Beam: Louisiana Democratic Party "in pretty sad shape"

LAKE CHARLES, LA (KPLC) - The number of Louisiana voters who identify themselves as Democrats is at its lowest point in more than 50 years.

According to the Secretary of State's office, Democrats make up less than 50% of registered voters. It's the first time that has happened since 1957.

While Democrats still outnumber Republicans and other parties nearly two to one, the number of registered Democrats has steadily declined since the 1970s, when Democrats held 90 percent of registered voters and held a majority of state offices.

Today, Republicans dominate state government, controlling not only the governorship but both houses of the legislature. In addition, Republicans hold every elected statewide office except one.

Longtime political columnist Jim Beam describes the current state of the Democratic Party as "pretty sad."

Beam said while there are multiple factors, most of the changes in the last three decades have been out of the Democratic Party's control.

"The South has always been extremely conservative and I think that's the main reason why," said Beam. "We just have conservative politics. Even Democrats, for the last 30 years, have been pretty much conservatives."

Beam believes Republicans will continue dominating Louisiana politics for the foreseeable future.

"These days, it's kind of like if you're not a Republican, you've got a tough time winning an election," said Beam.

Beam points out how no major Democratic candidate has emerged to challenge Gov. Jindal's re-election.

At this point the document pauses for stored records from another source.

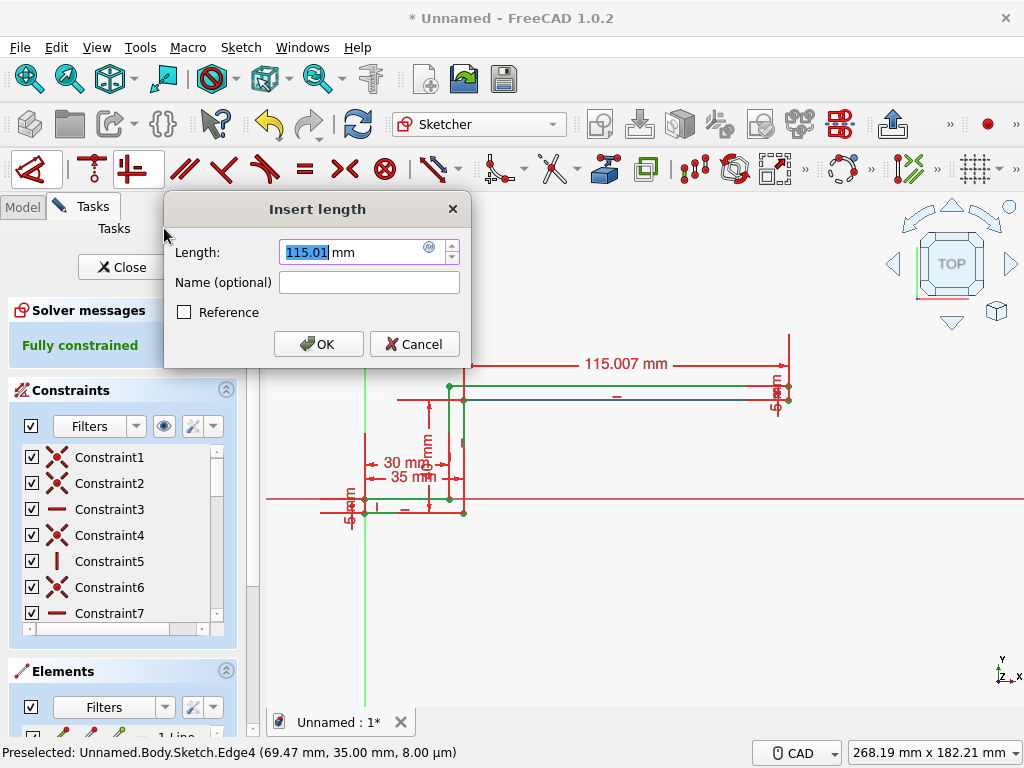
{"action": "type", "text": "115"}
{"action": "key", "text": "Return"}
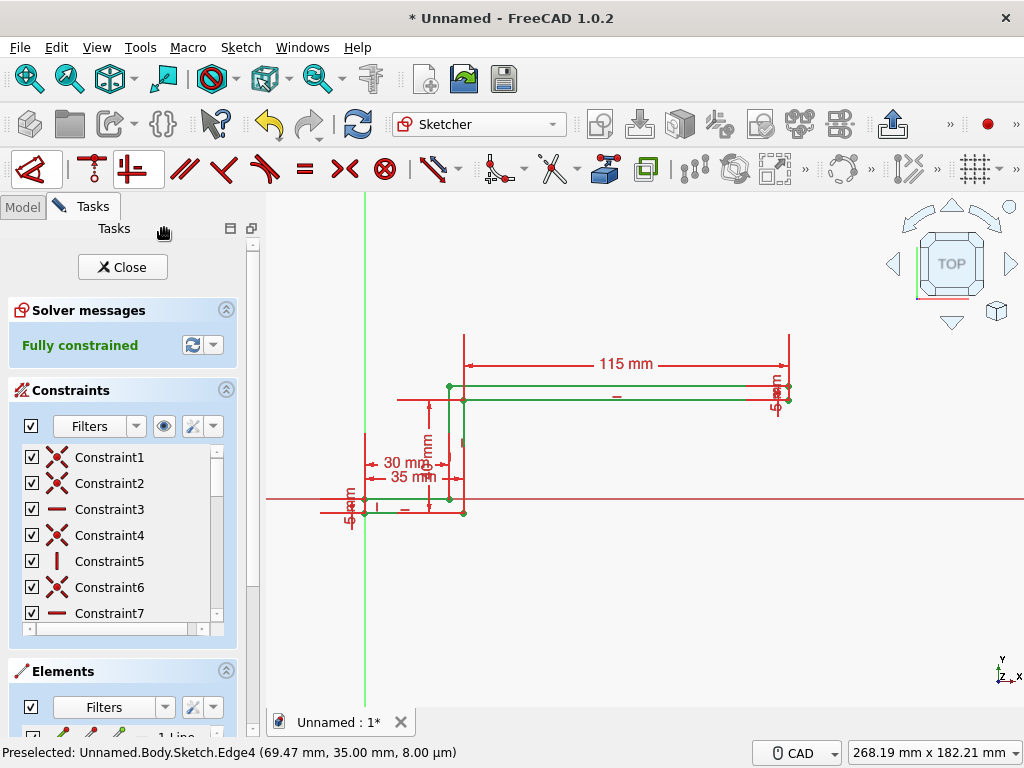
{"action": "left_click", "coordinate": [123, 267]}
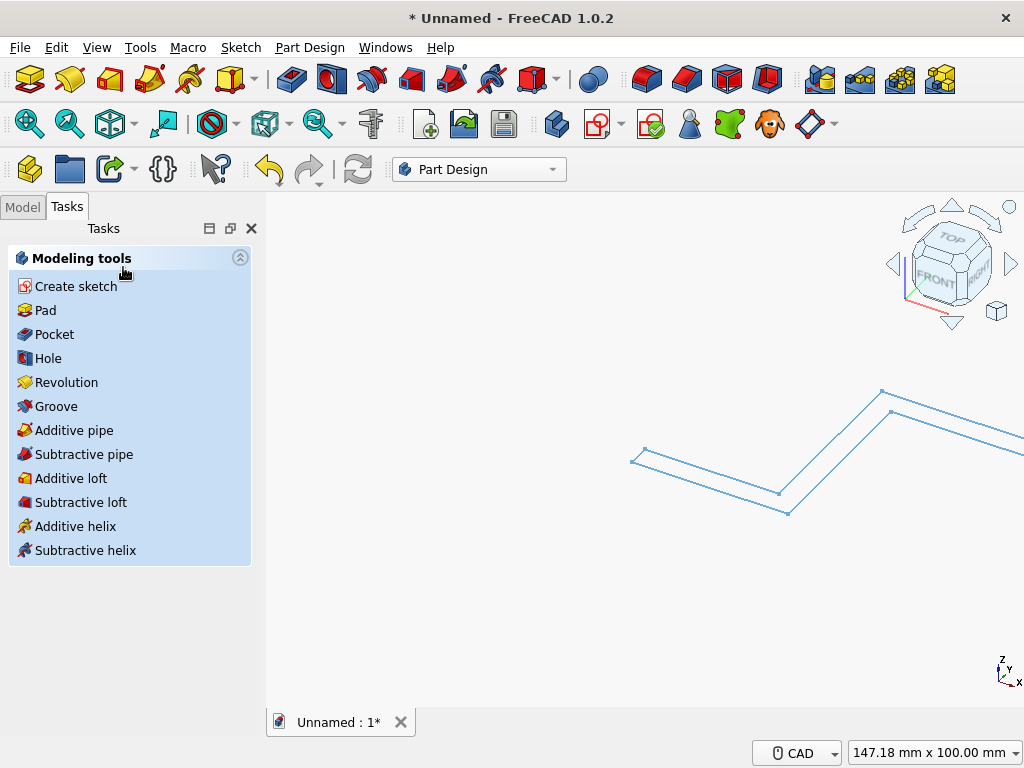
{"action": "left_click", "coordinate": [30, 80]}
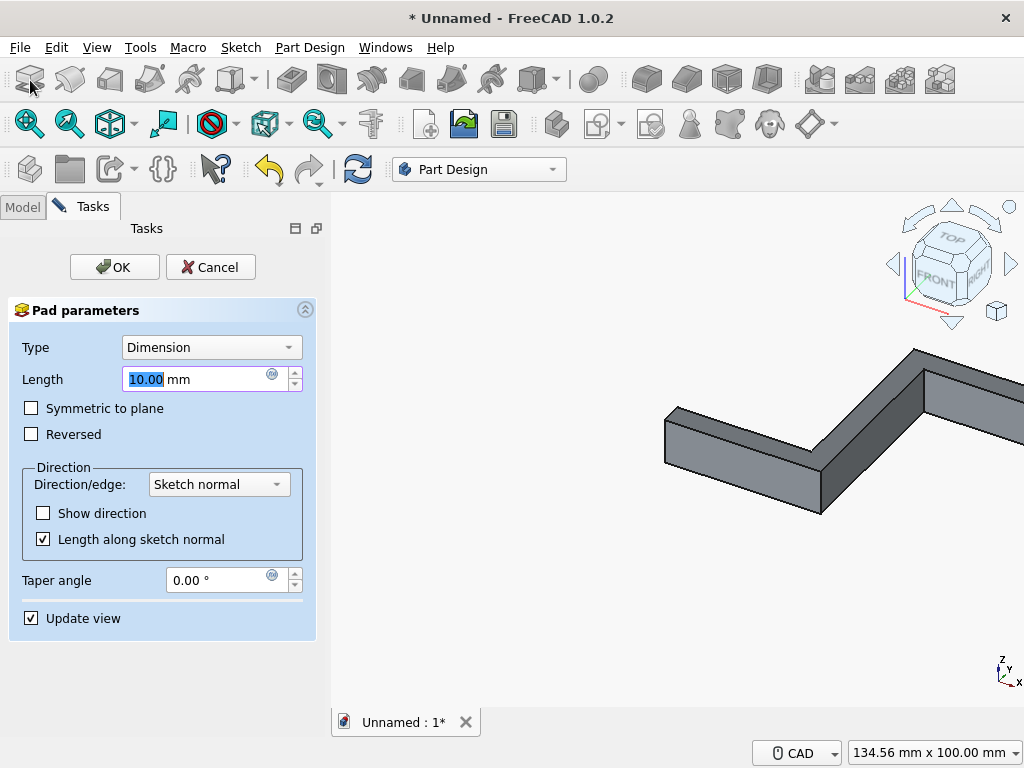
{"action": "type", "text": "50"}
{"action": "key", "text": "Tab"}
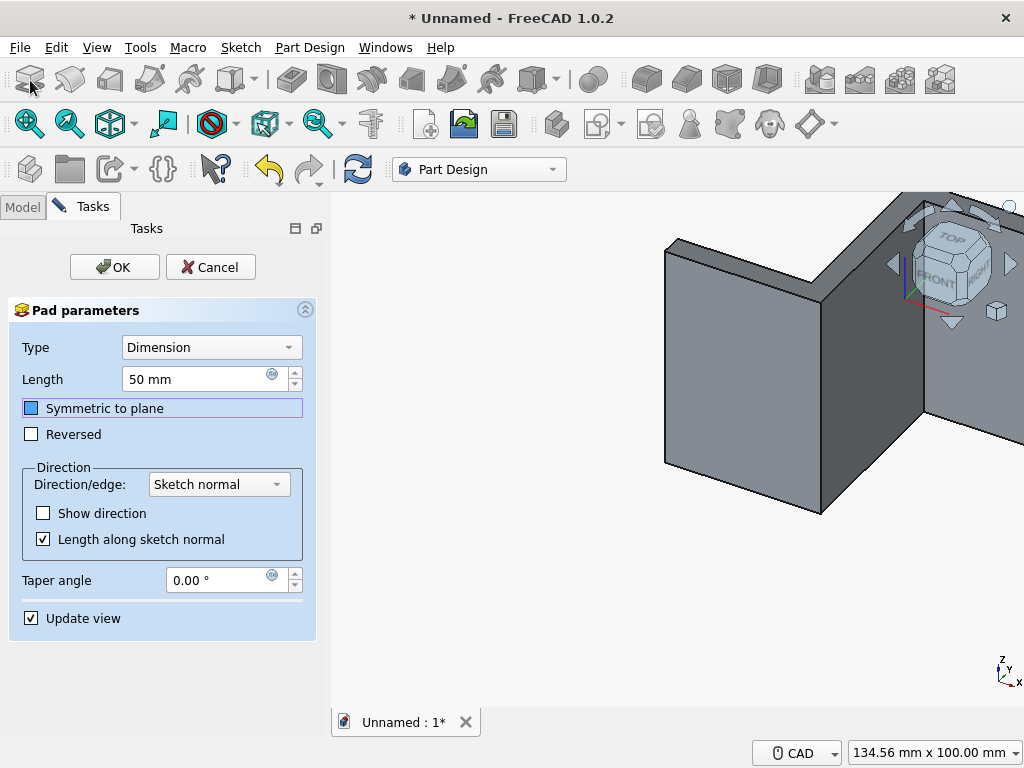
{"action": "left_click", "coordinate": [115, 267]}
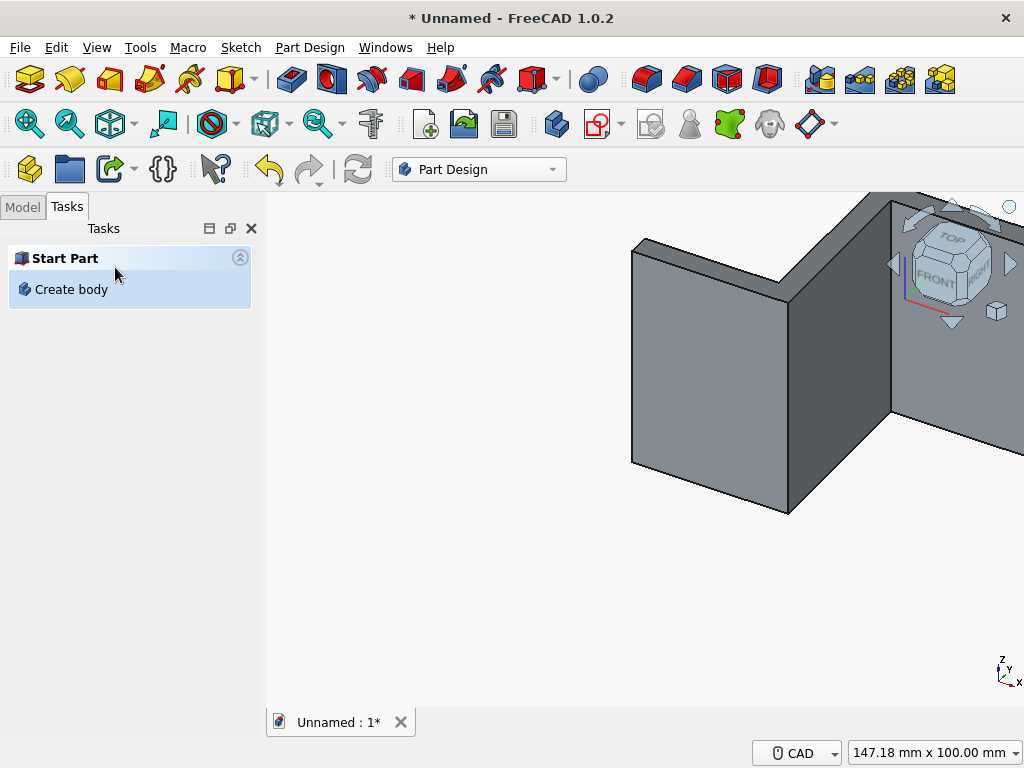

"So far he's got a teacher who's running against him, who at last count, had less than a thousand dollars in the bank. [Jindal's] got almost $9 million," said Beam. "I just don't see at this late stage, with the election coming up on October 22nd, anybody who can seriously challenge him."

Beam said though Democrats may be down, they're not out.

"The pendulum swings from one side to the other, so yeah I see the re-emergence of the Democratic Party eventually," said Beam. "They may have to change some of their views to appeal to the voters in this state. They've really got to think about their future, why is it they've lost so much control and what they need to do to get it back."